== Directions for this task ==
Every line below that holds the string "centre" must be copied.

== Stored data ==
■ ■ ■ ■ ■

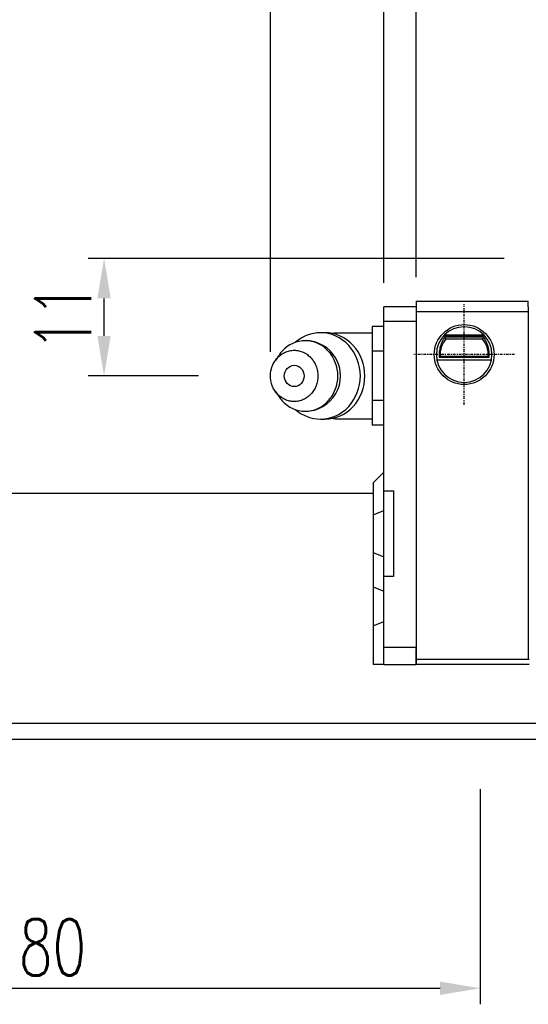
# Model space of a CAD drawing. Extents: x 109 to 490, y 236 to 967.
# Tile 3 of 50: x 323 to 370, y 827 to 919. Entities that reach past the tile are written whole.
import ezdxf

# ---------------------------------------------------------------- set-up
doc = ezdxf.new("R2010")
doc.units = 0
doc.header["$MEASUREMENT"] = 0
doc.header["$PDMODE"] = 1
doc.linetypes.add('CENTER', pattern=[2, 1.25, -0.25, 0.25, -0.25])
doc.layers.get('DEFPOINTS').update_dxf_attribs({"linetype": 'CONTINUOUS'})
for name, color, linetype in [('2', 7, 'CONTINUOUS'), ('CL', 1, 'CENTER'), ('DIM', 4, 'CONTINUOUS')]:
    doc.layers.add(name, color=color, linetype=linetype)
doc.styles.add('DIM-7', font='SIMPLEX.shx', dxfattribs={"width": 0.7, "bigfont": 'chineset.shx'})
doc.dimstyles.new('CNS', dxfattribs={"dimtxt": 3.5, "dimasz": 2.5, "dimexe": 1, "dimexo": 1.5, "dimgap": 0.09, "dimtad": 0, "dimdsep": 46, "dimtxsty": 'DIM-7', "dimcen": 0.09, "dimclrd": 1, "dimclre": 1, "dimclrt": 4, "dimadec": 0, "dimazin": 0, "dimtfac": 1, "dimtix": 1, "dimtmove": 2, "dimatfit": 3, "dimfxl": 1, "dimtvp": 0.971429, "dimtolj": 1, "dimarcsym": 0})

# ---------------------------------------------------------------- blocks, each defined once
blk = doc.blocks.new('*D56')
at = {"layer": 'DEFPOINTS', "color": 0, "transparency": 16777216}
for p in [(285.817, 849.688), (365.817, 849.688), (365.817, 828.818)]:
    blk.add_point(p, dxfattribs=at)
at = {"layer": 'DIM', "color": 7, "lineweight": -2, "transparency": 16777216}
for p, q in [((285.817, 847.438), (285.817, 827.318)), ((365.817, 847.438), (365.817, 827.318)), ((289.567, 828.818), (362.067, 828.818))]:
    blk.add_line(p, q, dxfattribs=at)
at = {"layer": 'DIM', "color": 7, "transparency": 16777216}
for points in [[(289.567, 829.443), (289.567, 828.193), (285.817, 828.818)], [(362.067, 829.443), (362.067, 828.193), (365.817, 828.818)]]:
    blk.add_solid(points, dxfattribs=at)
at = {"layer": 'DIM', "color": 7, "transparency": 16777216, "insert": (325.817, 832.643), "char_height": 5.25, "attachment_point": 5, "style": 'DIM-7'}
blk.add_mtext('\\A1;80', dxfattribs=at)
blk = doc.blocks.new('*D64')
at = {"layer": 'DEFPOINTS', "color": 0, "transparency": 16777216}
for p in [(356.818, 937.046), (356.818, 892.545), (455.818, 892.545)]:
    blk.add_point(p, dxfattribs=at)
at = {"layer": 'DIM', "color": 7, "lineweight": -2, "transparency": 16777216}
for p, q in [((356.818, 894.795), (356.818, 938.546)), ((455.818, 894.795), (455.818, 938.546)), ((452.068, 937.046), (360.568, 937.046))]:
    blk.add_line(p, q, dxfattribs=at)
at = {"layer": 'DIM', "color": 7, "transparency": 16777216}
for points in [[(360.568, 937.671), (360.568, 936.421), (356.818, 937.046)], [(452.068, 937.671), (452.068, 936.421), (455.818, 937.046)]]:
    blk.add_solid(points, dxfattribs=at)
at = {"layer": 'DIM', "color": 7, "transparency": 16777216, "insert": (406.318, 940.871), "char_height": 5.25, "attachment_point": 5, "style": 'DIM-7'}
blk.add_mtext('\\A1;96.3', dxfattribs=at)
blk = doc.blocks.new('*D72')
at = {"layer": 'DEFPOINTS', "color": 0, "transparency": 16777216}
for p in [(330.631, 897.095), (370.318, 897.095), (341.701, 886.095)]:
    blk.add_point(p, dxfattribs=at)
at = {"layer": 'DIM', "color": 7, "lineweight": -2, "transparency": 16777216}
for p, q in [((368.068, 897.095), (329.131, 897.095)), ((330.631, 889.845), (330.631, 893.345)), ((339.451, 886.095), (329.131, 886.095))]:
    blk.add_line(p, q, dxfattribs=at)
at = {"layer": 'DIM', "color": 7, "transparency": 16777216}
for points in [[(330.006, 893.345), (331.256, 893.345), (330.631, 897.095)], [(330.006, 889.845), (331.256, 889.845), (330.631, 886.095)]]:
    blk.add_solid(points, dxfattribs=at)
at = {"layer": 'DIM', "color": 7, "transparency": 16777216, "insert": (326.806, 891.595), "char_height": 5.25, "attachment_point": 5, "rotation": 90, "style": 'DIM-7'}
blk.add_mtext('\\A1;11', dxfattribs=at)
blk = doc.blocks.new('*D73')
at = {"layer": 'DEFPOINTS', "color": 0, "transparency": 16777216}
for p in [(356.818, 937.046), (356.818, 892.545), (346.201, 886.095)]:
    blk.add_point(p, dxfattribs=at)
at = {"layer": 'DIM', "color": 7, "lineweight": -2, "transparency": 16777216}
for p, q in [((346.201, 888.345), (346.201, 938.546)), ((356.818, 894.795), (356.818, 938.546)), ((323.566, 937.046), (346.201, 937.046)), ((349.951, 937.046), (353.068, 937.046))]:
    blk.add_line(p, q, dxfattribs=at)
at = {"layer": 'DIM', "color": 7, "transparency": 16777216}
for points in [[(349.951, 937.671), (349.951, 936.421), (346.201, 937.046)], [(353.068, 937.671), (353.068, 936.421), (356.818, 937.046)]]:
    blk.add_solid(points, dxfattribs=at)
at = {"layer": 'DIM', "color": 7, "transparency": 16777216, "insert": (329.753, 942.246), "char_height": 5.25, "attachment_point": 5, "style": 'DIM-7'}
blk.add_mtext('\\A1;(14)', dxfattribs=at)
blk = doc.blocks.new('*D75')
at = {"layer": 'DEFPOINTS', "color": 0, "transparency": 16777216}
for p in [(452.818, 929.102), (359.818, 893.095), (452.818, 893.095)]:
    blk.add_point(p, dxfattribs=at)
at = {"layer": 'DIM', "color": 7, "lineweight": -2, "transparency": 16777216}
for p, q in [((359.818, 895.345), (359.818, 930.602)), ((452.818, 895.345), (452.818, 930.602)), ((363.568, 929.102), (449.068, 929.102))]:
    blk.add_line(p, q, dxfattribs=at)
at = {"layer": 'DIM', "color": 7, "transparency": 16777216}
for points in [[(363.568, 929.727), (363.568, 928.477), (359.818, 929.102)], [(449.068, 929.727), (449.068, 928.477), (452.818, 929.102)]]:
    blk.add_solid(points, dxfattribs=at)
at = {"layer": 'DIM', "color": 7, "transparency": 16777216, "insert": (406.318, 932.927), "char_height": 5.25, "attachment_point": 5, "style": 'DIM-7'}
blk.add_mtext('\\A1;93', dxfattribs=at)

msp = doc.modelspace()

# ---------------------------------------------------------------- linework, layer by layer
at = {"layer": '2', "color": 0, "linetype": 'Continuous'}
for p, q in [((359.818, 892.545), (356.818, 892.545)), ((356.818, 891.221), (356.818, 892.545)), ((359.818, 893.095), (370.318, 893.095)), ((359.818, 893.095), (359.818, 892.095)), ((359.818, 892.845), (359.818, 891.345)), ((370.318, 892.545), (370.318, 893.095)), ((370.318, 892.545), (370.318, 886.095)), ((359.818, 892.095), (359.818, 859.595)), ((370.318, 892.095), (359.818, 892.095)), ((356.818, 890.714), (355.718, 890.714)), ((355.718, 890.714), (355.718, 889.559)), ((356.818, 875.345), (356.818, 891.221)), ((356.818, 891.221), (359.818, 891.221)), ((359.818, 891.345), (359.818, 860.595)), ((351.29, 890.137), (350.875, 890.137)), ((355.718, 890.095), (352.418, 890.095)), ((362.405, 889.855), (366.232, 889.855)), ((366.194, 889.895), (362.442, 889.895)), ((366.125, 889.735), (362.511, 889.735)), ((355.718, 889.559), (355.718, 888.405)), ((366.038, 889.545), (362.598, 889.545)), ((346.997, 888.053), (346.633, 887.519)), ((356.818, 888.405), (355.718, 888.405)), ((355.718, 888.405), (355.718, 886.095)), ((362.073, 887.945), (366.563, 887.945)), ((361.767, 887.595), (366.869, 887.595)), ((361.987, 887.852), (366.649, 887.852)), ((355.718, 886.095), (355.718, 883.786)), ((370.318, 886.095), (370.318, 885.595)), ((370.318, 885.595), (370.318, 859.595)), ((346.633, 884.671), (346.997, 884.137)), ((356.818, 883.786), (355.718, 883.786)), ((355.718, 883.786), (355.718, 882.631)), ((355.718, 882.631), (355.718, 881.476)), ((350.875, 882.054), (351.29, 882.054)), ((352.418, 882.095), (355.718, 882.095)), ((356.818, 881.476), (355.718, 881.476)), ((355.818, 876.095), (356.818, 877.095)), ((355.818, 876.095), (355.818, 873.107)), ((355.818, 875.095), (265.817, 875.095)), ((356.818, 867.345), (356.818, 875.345)), ((356.818, 875.345), (357.718, 875.345)), ((357.718, 875.345), (357.718, 867.345)), ((355.818, 873.107), (356.818, 873.522)), ((355.818, 873.107), (355.818, 869.583)), ((355.818, 869.583), (355.818, 866.383)), ((355.818, 869.583), (356.818, 869.169)), ((357.718, 867.345), (356.818, 867.345)), ((356.818, 860.719), (356.818, 867.345)), ((355.818, 866.383), (355.818, 862.709)), ((355.818, 866.383), (356.818, 865.969)), ((355.818, 862.709), (356.818, 863.124)), ((355.818, 862.709), (355.818, 859.095)), ((356.818, 860.719), (359.818, 860.719)), ((356.818, 859.095), (356.818, 860.719)), ((359.818, 860.595), (359.818, 859.095)), ((359.818, 859.095), (359.818, 860.595)), ((359.818, 859.595), (370.398, 859.595)), ((359.818, 859.095), (359.818, 859.595)), ((356.818, 859.095), (355.818, 859.095)), ((356.818, 859.095), (359.818, 859.095)), ((370.397, 859.095), (359.818, 859.095))]:
    msp.add_line(p, q, dxfattribs=at)
at = {"layer": '2', "color": 0, "linetype": 'Continuous', "extrusion": (0, 0, -1)}
for start, end in [(270, 90), (90, 270)]:
    msp.add_arc((-364.318, 888.095), 2.8, start, end, dxfattribs=at)
at = {"layer": '2', "color": 0, "linetype": 'Continuous'}
for centre, radius, start, end in [((364.318, 888.095), 2.6, 90, 270), ((364.318, 888.095), 2.6, 270, 90), ((352.418, 886.095), 4, 89.99998, 95.2678), ((349.451, 886.095), 3.3, 269.97396, 90), ((364.318, 888.095), 2.25, 139.87597, 183.82255), ((364.318, 888.095), 2.25, 356.17745, 40.12403), ((352.418, 886.095), 4, 264.82783, 270.00002)]:
    msp.add_arc(centre, radius, start, end, dxfattribs=at)
msp.add_ellipse((348.418, 886.095), major_axis=(0, -1), ratio=0.92388, dxfattribs=at)
for points, knots in [([(348.536, 882.946), (349.194, 882.377), (350.032, 882.054), (351.853, 882.054), (352.824, 882.489), (354.206, 883.986), (354.609, 885.037), (354.609, 887.153), (354.206, 888.205), (352.824, 889.701), (351.853, 890.137), (350.032, 890.137), (349.194, 889.813), (348.536, 889.244)], [0, 0, 0, 0, 0.150594, 0.150594, 0.325297, 0.325297, 0.5, 0.5, 0.674703, 0.674703, 0.849406, 0.849406, 1, 1, 1, 1]), ([(351.29, 882.054), (352.267, 882.054), (353.239, 882.489), (354.621, 883.986), (355.024, 885.037), (355.024, 887.153), (354.621, 888.205), (353.239, 889.701), (352.267, 890.137), (351.29, 890.137)], [0, 0, 0, 0, 0.249977, 0.249977, 0.499984, 0.499984, 0.749992, 0.749992, 1, 1, 1, 1]), ([(362.511, 889.735), (362.467, 889.661), (362.398, 889.556), (362.258, 889.301), (362.185, 889.147), (362.073, 888.825), (362.03, 888.655), (361.978, 888.302), (361.97, 888.114), (361.983, 887.905), (361.985, 887.878), (361.987, 887.852)], [0, 0, 0, 0, 0.257803, 0.257803, 0.514098, 0.514098, 0.739867, 0.739867, 0.967139, 0.967139, 1, 1, 1, 1]), ([(366.649, 887.852), (366.664, 888.019), (366.663, 888.194), (366.63, 888.527), (366.597, 888.691), (366.509, 888.994), (366.452, 889.137), (366.324, 889.408), (366.25, 889.533), (366.165, 889.67), (366.143, 889.705), (366.125, 889.735)], [0, 0, 0, 0, 0.210594, 0.210594, 0.420541, 0.420541, 0.639677, 0.639677, 0.895818, 0.895818, 1, 1, 1, 1]), ([(346.999, 884.137), (347.089, 884.004), (347.188, 883.878), (347.86, 883.151), (348.653, 882.795), (350.25, 882.795), (351.043, 883.151), (352.172, 884.373), (352.5, 885.231), (352.5, 886.959), (352.172, 887.818), (351.043, 889.039), (350.25, 889.395), (348.653, 889.395), (347.86, 889.039), (347.188, 888.312), (347.089, 888.187), (346.999, 888.054)], [0, 0, 0, 0, 0.029891, 0.029891, 0.186594, 0.186594, 0.343297, 0.343297, 0.5, 0.5, 0.656703, 0.656703, 0.813406, 0.813406, 0.970109, 0.970109, 1, 1, 1, 1]), ([(346.201, 886.095), (346.201, 885.938), (346.229, 885.624), (346.356, 885.171), (346.563, 884.753), (346.84, 884.387), (347.178, 884.087), (347.564, 883.864), (347.983, 883.726), (348.418, 883.68), (348.853, 883.726), (349.272, 883.864), (349.658, 884.087), (349.996, 884.387), (350.274, 884.753), (350.48, 885.171), (350.607, 885.624), (350.65, 886.095), (350.607, 886.566), (350.48, 887.019), (350.274, 887.437), (349.996, 887.803), (349.658, 888.104), (349.272, 888.327), (348.853, 888.464), (348.418, 888.511), (347.983, 888.464), (347.564, 888.327), (347.178, 888.104), (346.84, 887.803), (346.563, 887.437), (346.288, 886.883), (346.201, 886.408), (346.201, 886.095)], [0, 0, 0, 0, 0.031259, 0.062519, 0.093778, 0.125038, 0.156297, 0.187556, 0.218816, 0.250075, 0.281335, 0.312594, 0.343853, 0.375113, 0.406372, 0.437632, 0.468891, 0.500151, 0.53141, 0.562669, 0.593929, 0.625188, 0.656448, 0.687707, 0.718966, 0.750226, 0.781485, 0.812745, 0.844004, 0.875263, 0.906523, 0.937782, 1, 1, 1, 1])]:
    msp.add_open_spline(points, degree=3, knots=knots, dxfattribs=at)
for points, degree in [([(362.511, 889.735), (362.539, 889.672), (362.568, 889.608), (362.598, 889.545)], 3), ([(366.125, 889.735), (366.097, 889.672), (366.068, 889.608), (366.038, 889.545)], 3), ([(361.987, 887.852), (362.015, 887.883), (362.044, 887.914), (362.073, 887.945)], 3), ([(366.649, 887.852), (366.621, 887.883), (366.592, 887.914), (366.563, 887.945)], 3), ([(489.717, 853.595), (309.24, 853.595)], 1), ([(489.717, 852.095), (265.817, 852.095)], 1)]:
    msp.add_open_spline(points, degree=degree, dxfattribs=at)
at = {"layer": 'CL', "color": 0, "ltscale": 0.2}
for p, q in [((364.318, 883.395), (364.318, 892.795)), ((369.018, 888.095), (359.618, 888.095))]:
    msp.add_line(p, q, dxfattribs=at)

# ---------------------------------------------------------------- dimensions: what is measured, and where the dimension line sits
at = {"layer": 'DIM', "color": 0}
dim = msp.add_linear_dim(base=(356.818, 937.046), p1=(346.201, 886.095), p2=(356.818, 892.545), text='(14)', dimstyle='CNS', override={"dimscale": 1.5, "dimgap": 0.8, "dimtad": 1, "dimclrd": 7, "dimclre": 7, "dimclrt": 7, "dimadec": 2, "dimazin": 2, "dimtm": 1e-09, "dimtfac": 0.6, "dimtmove": 1}, dxfattribs=at)
dim.commit()
dim.dimension.update_dxf_attribs({"geometry": '*D73', "text_midpoint": (329.753, 937.523), "dimtype": 160})
dim = msp.add_linear_dim(base=(356.818, 937.046), p1=(455.818, 892.545), p2=(356.818, 892.545), text='96.3', dimstyle='CNS', override={"dimscale": 1.5, "dimgap": 0.8, "dimtad": 1, "dimclrd": 7, "dimclre": 7, "dimclrt": 7, "dimadec": 2, "dimazin": 2, "dimtm": 1e-09, "dimtfac": 0.6, "dimtmove": 1}, dxfattribs=at)
dim.commit()
dim.dimension.update_dxf_attribs({"geometry": '*D64', "text_midpoint": (406.318, 940.871)})
for base, p1, p2, picture, middle in [((452.818, 929.102), (359.818, 893.095), (452.818, 893.095), '*D75', (406.318, 932.927)), ((365.817, 828.818), (285.817, 849.688), (365.817, 849.688), '*D56', (325.817, 832.643))]:
    dim = msp.add_linear_dim(base=base, p1=p1, p2=p2, dimstyle='CNS', override={"dimscale": 1.5, "dimgap": 0.8, "dimtad": 1, "dimclrd": 7, "dimclre": 7, "dimclrt": 7, "dimadec": 2, "dimazin": 2, "dimtm": 1e-09, "dimtfac": 0.6, "dimtmove": 1}, dxfattribs=at)
    dim.commit()
    dim.dimension.update_dxf_attribs({"geometry": picture, "text_midpoint": middle})
dim = msp.add_linear_dim(base=(330.631, 897.095), p1=(341.701, 886.095), p2=(370.318, 897.095), angle=90, dimstyle='CNS', override={"dimscale": 1.5, "dimgap": 0.8, "dimtad": 1, "dimclrd": 7, "dimclre": 7, "dimclrt": 7, "dimadec": 2, "dimazin": 2, "dimtm": 1e-09, "dimtfac": 0.6, "dimtmove": 1}, dxfattribs=at)
dim.commit()
dim.dimension.update_dxf_attribs({"geometry": '*D72', "text_midpoint": (326.806, 891.595)})

doc.saveas('drawing.dxf')

■ ■ ■ ■ ■

== Finished task ==
for centre, radius, start, end in [((364.318, 888.095), 2.6, 90, 270), ((364.318, 888.095), 2.6, 270, 90), ((352.418, 886.095), 4, 89.99998, 95.2678), ((349.451, 886.095), 3.3, 269.97396, 90), ((364.318, 888.095), 2.25, 139.87597, 183.82255), ((364.318, 888.095), 2.25, 356.17745, 40.12403), ((352.418, 886.095), 4, 264.82783, 270.00002)]:
    msp.add_arc(centre, radius, start, end, dxfattribs=at)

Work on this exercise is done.